**Aim of the exercise:** Restate all of the following data exactly, keeping any images out of the copy.

[Records from a data source]

"""

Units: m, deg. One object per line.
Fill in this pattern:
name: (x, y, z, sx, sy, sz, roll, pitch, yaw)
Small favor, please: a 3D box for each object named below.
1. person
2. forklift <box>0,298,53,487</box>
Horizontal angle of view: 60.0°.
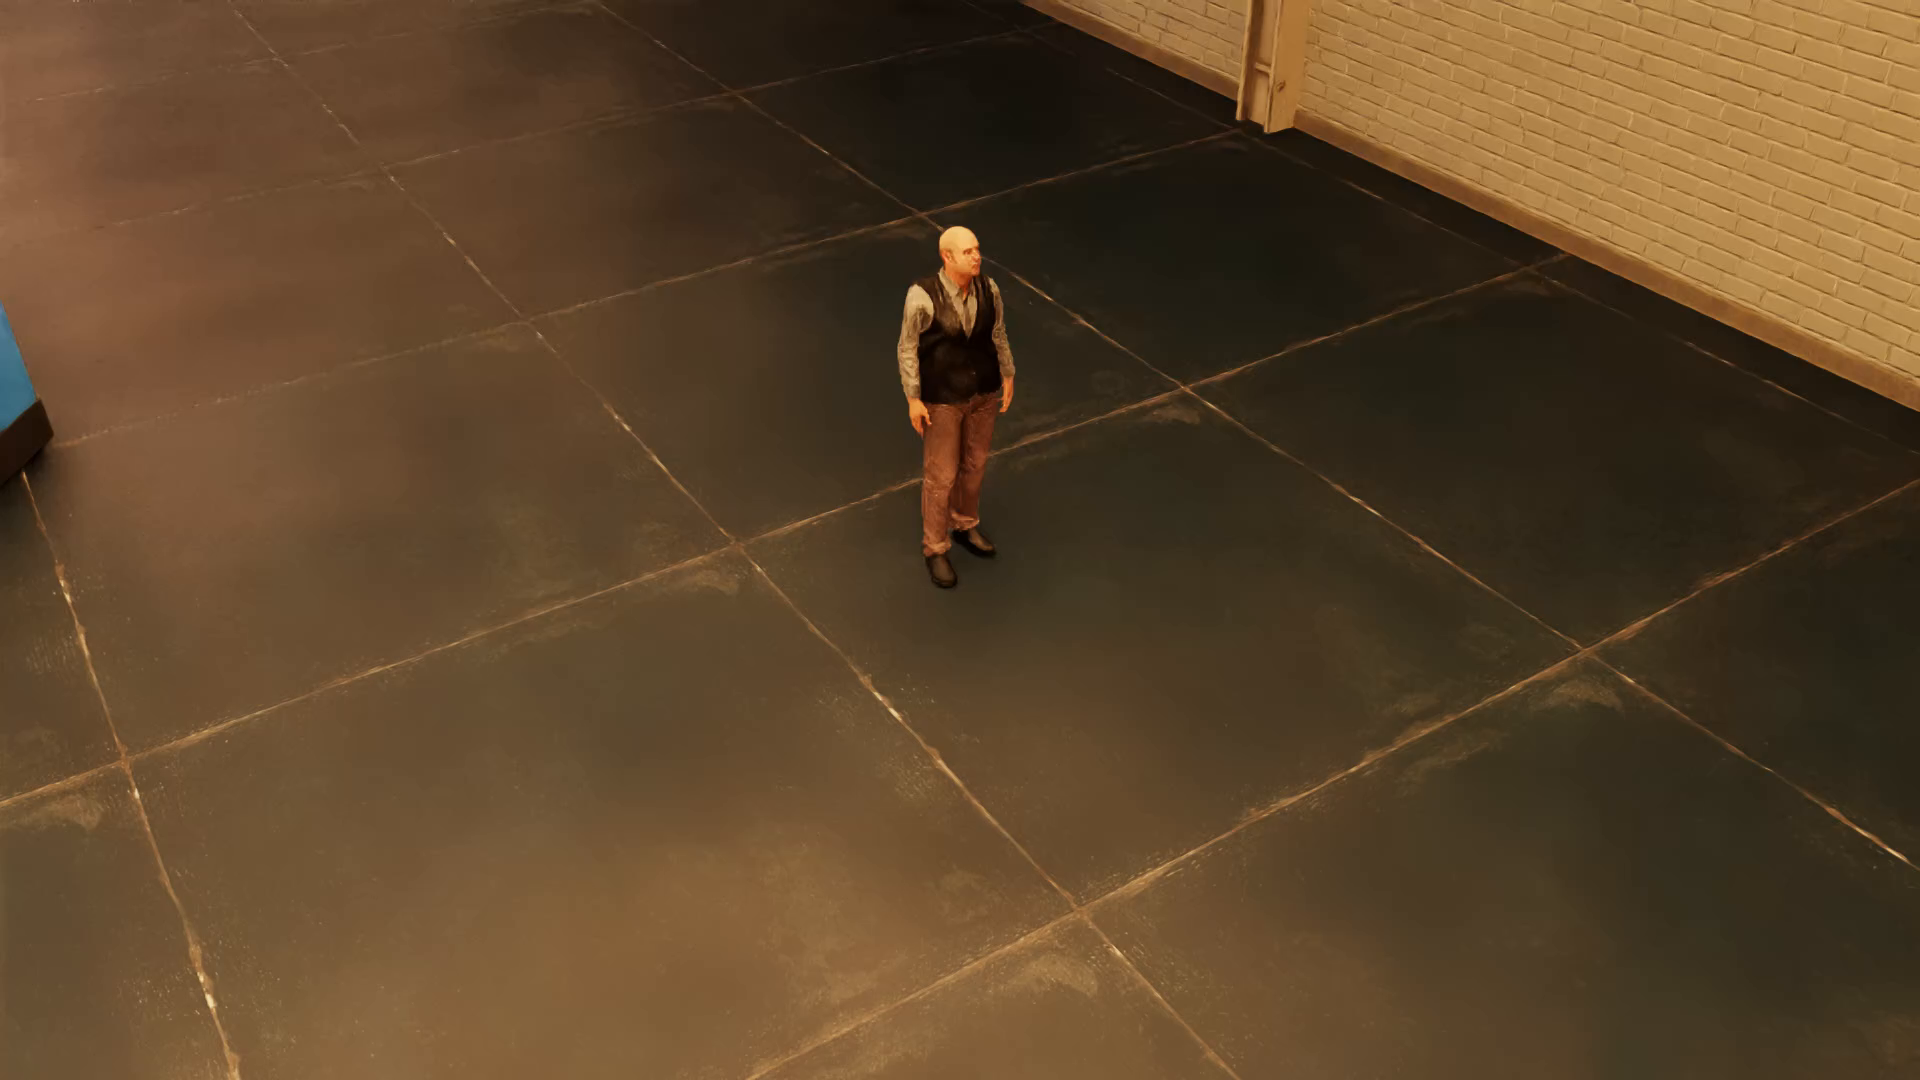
person: (0.027, -0.678, 8.152, 0.632, 1.720, 0.567, -21, 40, -27)
forklift: (-6.680, -1.559, 8.366, 3.031, 2.935, 1.130, 3, 35, 5)

"""

**Written response:**
Units: m, deg. One object per line.
Fill in this pattern:
name: (x, y, z, sx, sy, sz, roll, pitch, yaw)
Small favor, please: a 3D box for each object named below.
1. person
2. forklift <box>0,298,53,487</box>
Horizontal angle of view: 60.0°.
person: (0.027, -0.678, 8.152, 0.632, 1.720, 0.567, -21, 40, -27)
forklift: (-6.680, -1.559, 8.366, 3.031, 2.935, 1.130, 3, 35, 5)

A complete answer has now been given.